--- Your instructions ---
Please repeat exactly the lines below from the one containing "The horizontal FOV is 61.6°." down to the one containing "notebook -> -0.115, -0.392, 2.012", both included, and nothing else.

──────────────────────────────

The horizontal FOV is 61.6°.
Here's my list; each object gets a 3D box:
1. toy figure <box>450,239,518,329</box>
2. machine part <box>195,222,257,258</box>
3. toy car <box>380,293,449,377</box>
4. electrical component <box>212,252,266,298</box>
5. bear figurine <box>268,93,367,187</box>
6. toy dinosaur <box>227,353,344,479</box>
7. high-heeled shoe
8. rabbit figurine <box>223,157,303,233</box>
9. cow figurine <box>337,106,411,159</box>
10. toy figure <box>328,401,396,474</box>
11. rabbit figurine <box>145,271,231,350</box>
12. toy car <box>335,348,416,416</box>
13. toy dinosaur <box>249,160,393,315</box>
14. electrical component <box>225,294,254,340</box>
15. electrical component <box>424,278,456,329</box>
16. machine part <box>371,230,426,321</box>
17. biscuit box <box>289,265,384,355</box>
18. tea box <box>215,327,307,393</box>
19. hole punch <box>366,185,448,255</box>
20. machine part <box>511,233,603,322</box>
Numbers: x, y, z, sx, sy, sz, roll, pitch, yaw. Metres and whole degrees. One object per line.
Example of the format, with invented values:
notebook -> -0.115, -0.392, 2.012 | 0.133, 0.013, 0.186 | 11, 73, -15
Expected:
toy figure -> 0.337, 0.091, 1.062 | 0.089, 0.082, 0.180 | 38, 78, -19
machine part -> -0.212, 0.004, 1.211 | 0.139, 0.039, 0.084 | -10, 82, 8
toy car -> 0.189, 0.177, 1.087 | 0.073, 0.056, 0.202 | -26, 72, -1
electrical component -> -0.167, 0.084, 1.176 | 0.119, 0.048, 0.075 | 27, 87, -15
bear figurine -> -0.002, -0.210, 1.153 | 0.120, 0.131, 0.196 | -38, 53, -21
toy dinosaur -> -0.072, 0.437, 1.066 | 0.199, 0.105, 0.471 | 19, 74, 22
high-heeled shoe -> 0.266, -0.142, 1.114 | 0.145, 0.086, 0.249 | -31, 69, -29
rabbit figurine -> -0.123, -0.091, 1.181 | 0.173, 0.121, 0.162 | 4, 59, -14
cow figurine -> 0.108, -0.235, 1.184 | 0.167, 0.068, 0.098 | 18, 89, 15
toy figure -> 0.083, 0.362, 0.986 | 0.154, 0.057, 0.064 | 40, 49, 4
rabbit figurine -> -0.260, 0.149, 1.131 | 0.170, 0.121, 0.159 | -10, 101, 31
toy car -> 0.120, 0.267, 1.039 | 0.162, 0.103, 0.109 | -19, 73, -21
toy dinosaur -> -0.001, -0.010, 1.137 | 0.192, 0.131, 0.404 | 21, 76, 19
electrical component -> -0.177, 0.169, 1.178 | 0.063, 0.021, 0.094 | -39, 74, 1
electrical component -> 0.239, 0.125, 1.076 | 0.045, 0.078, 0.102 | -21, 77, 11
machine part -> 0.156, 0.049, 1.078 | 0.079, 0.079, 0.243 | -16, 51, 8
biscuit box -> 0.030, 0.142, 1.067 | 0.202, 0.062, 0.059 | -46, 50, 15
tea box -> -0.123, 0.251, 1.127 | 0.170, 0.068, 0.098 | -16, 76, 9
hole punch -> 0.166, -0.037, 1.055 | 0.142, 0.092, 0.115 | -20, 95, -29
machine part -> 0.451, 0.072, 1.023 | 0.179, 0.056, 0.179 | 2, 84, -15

──────────────────────────────

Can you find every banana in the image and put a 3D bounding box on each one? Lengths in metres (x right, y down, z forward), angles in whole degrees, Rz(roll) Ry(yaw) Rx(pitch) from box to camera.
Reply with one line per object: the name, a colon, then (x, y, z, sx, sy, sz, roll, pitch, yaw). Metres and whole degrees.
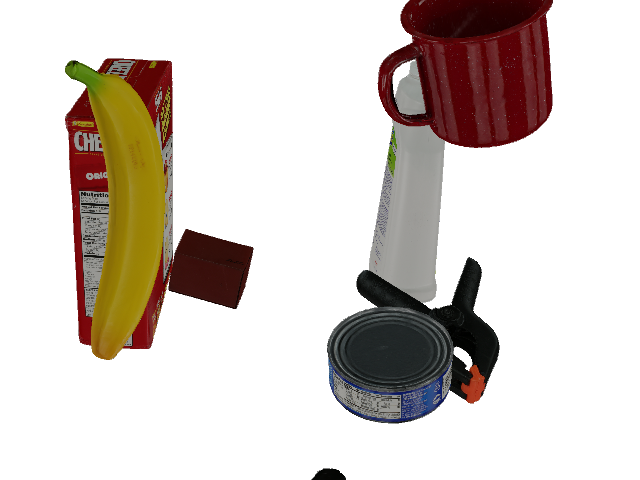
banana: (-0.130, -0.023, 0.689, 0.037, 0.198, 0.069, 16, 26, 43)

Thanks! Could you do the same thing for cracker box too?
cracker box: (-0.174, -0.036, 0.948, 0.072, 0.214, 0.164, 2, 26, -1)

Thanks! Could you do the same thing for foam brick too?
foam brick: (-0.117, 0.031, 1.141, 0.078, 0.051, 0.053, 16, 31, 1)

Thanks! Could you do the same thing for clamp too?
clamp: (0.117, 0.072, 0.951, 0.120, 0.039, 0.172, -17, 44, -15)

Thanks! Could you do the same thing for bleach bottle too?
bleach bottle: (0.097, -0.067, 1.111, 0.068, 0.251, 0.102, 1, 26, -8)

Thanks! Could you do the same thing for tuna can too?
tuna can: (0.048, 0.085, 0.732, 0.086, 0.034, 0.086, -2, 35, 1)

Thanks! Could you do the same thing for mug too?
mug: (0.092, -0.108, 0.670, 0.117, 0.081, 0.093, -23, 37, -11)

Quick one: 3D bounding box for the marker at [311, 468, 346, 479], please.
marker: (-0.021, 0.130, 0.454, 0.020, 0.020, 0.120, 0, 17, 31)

──────────────────────────────

--- Solved problem ---
The horizontal FOV is 61.6°.
Here's my list; each object gets a 3D box:
1. toy figure <box>450,239,518,329</box>
2. machine part <box>195,222,257,258</box>
3. toy car <box>380,293,449,377</box>
4. electrical component <box>212,252,266,298</box>
5. bear figurine <box>268,93,367,187</box>
6. toy dinosaur <box>227,353,344,479</box>
7. high-heeled shoe
8. rabbit figurine <box>223,157,303,233</box>
9. cow figurine <box>337,106,411,159</box>
10. toy figure <box>328,401,396,474</box>
11. rabbit figurine <box>145,271,231,350</box>
12. toy car <box>335,348,416,416</box>
13. toy dinosaur <box>249,160,393,315</box>
14. electrical component <box>225,294,254,340</box>
15. electrical component <box>424,278,456,329</box>
16. machine part <box>371,230,426,321</box>
17. biscuit box <box>289,265,384,355</box>
18. tea box <box>215,327,307,393</box>
19. hole punch <box>366,185,448,255</box>
20. machine part <box>511,233,603,322</box>
Numbers: x, y, z, sx, sy, sz, roll, pitch, yaw. Metres and whole degrees. One object per line.
Example of the format, with invented values:
notebook -> -0.115, -0.392, 2.012 | 0.133, 0.013, 0.186 | 11, 73, -15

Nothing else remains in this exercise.